ケイの読書日記

個人が書く書評

恩田陸 「ブラック・ベルベット」 双葉社

2018-10-24 13:45:56 | 恩田陸
 主人公・神原恵弥(かんばらめぐみ)は、アメリカの製薬会社日本法人に勤め、1年の半分を海外出張している。ウィルスハンターというのだろうか、薬の原材料になりそうなものを世界各地で探しているのだ。
 その彼が知人から「T共和国に行くなら、この女性アキコ・スタンバーグを探してほしい」と頼まれた。T共和国では、薬や健康食品の見本市が開かれ、それの視察に行くのだが、もちろんそれは表向き。水面下では、怪しげな人物との接触を図ろうとしている。
 T共和国の見本市に到着した恵弥が、指示されたカフェに行くと、窓からアキコ・スタンバーグが歩いているのが見えた。驚き慌てて、彼女を追いかけると、彼女は通り魔に刺されて…。

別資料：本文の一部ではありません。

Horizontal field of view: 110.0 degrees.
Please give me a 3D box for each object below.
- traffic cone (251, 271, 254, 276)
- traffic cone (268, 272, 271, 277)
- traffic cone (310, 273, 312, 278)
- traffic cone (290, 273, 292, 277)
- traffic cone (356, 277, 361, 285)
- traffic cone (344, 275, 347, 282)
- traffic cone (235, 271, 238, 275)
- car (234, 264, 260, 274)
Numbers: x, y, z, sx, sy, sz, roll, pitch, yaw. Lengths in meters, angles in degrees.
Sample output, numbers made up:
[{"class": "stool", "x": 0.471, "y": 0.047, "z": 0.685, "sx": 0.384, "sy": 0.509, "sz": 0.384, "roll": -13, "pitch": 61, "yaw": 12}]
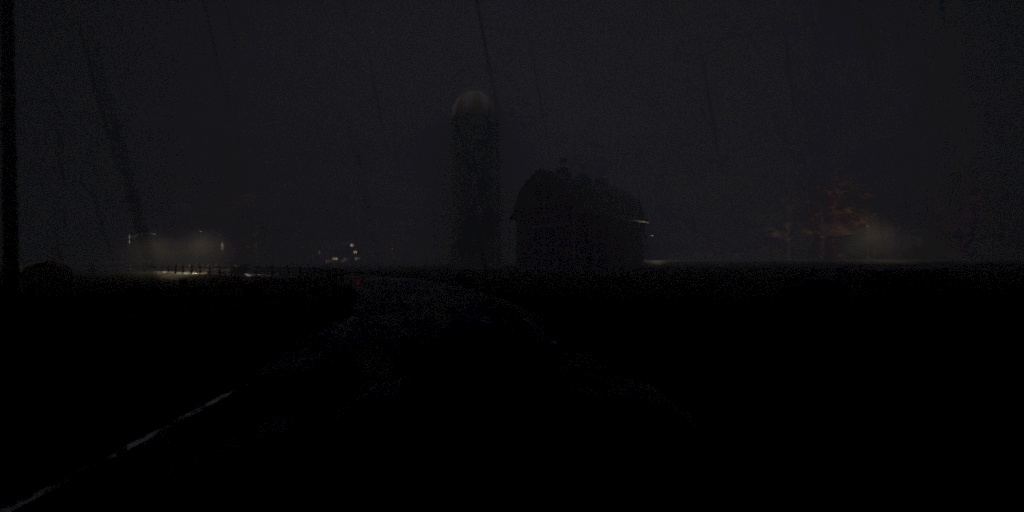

 恩田陸の作品だから、ツマラナイわけないが竜頭蛇尾というか尻すぼみというか…。謎は一応解けたが、すごいアクションシーンを期待していたのに、ちょっと残念。
 これは、シリーズ第3作という事なので人気があるんだろう。キャラが立ってる。青年マンガ誌に連載されてもおかしくないぐらい。

 主人公・神原恵弥は、とっても個性的。中肉中背、引き締まった筋肉、短く刈り上げた漆黒の髪に浅黒い肌、端正な顔立ち、年齢は30代半ば。でも、最初の独白のセリフが「わざとなの?」だったので、えっ?! 女の人だっけ? と、前のページを読み返したのだ。ゲイに近いバイという設定。
 彼の双子の妹も、腹黒く口と根性が悪い弁護士だし、彼の友人たちも放浪癖があったり、エリートだけどエキセントリックな所があったり。脇役陣も魅力的。

 そうそう、恵弥には特殊な能力があり、見た物を写真のように記憶することができる。地図を記憶するのは得意で、等高線を見れば3D画像を写し出すがごとく、頭の中に実際の風景を思い描くことが可能。
 人物でも、正面、右側、背後、左側、上から、下からの写真が複数あれば、頭の中でその人物が立ち上がってくる。スゴイ能力!
 こういう登場人物は、恩田陸作品によく出てくる。

 シリーズ第1作『MAZE(メイズ)』 第2作『クレオパトラの夢』両方とも双葉文庫で出てるらしい。絶対読もう!

P.S. 私、一番最初に「恵弥」を「えみや」と読んでしまったので、どうしても「めぐみ」とは読みづらい。一度頭に入っちゃうと、面倒くさいよね。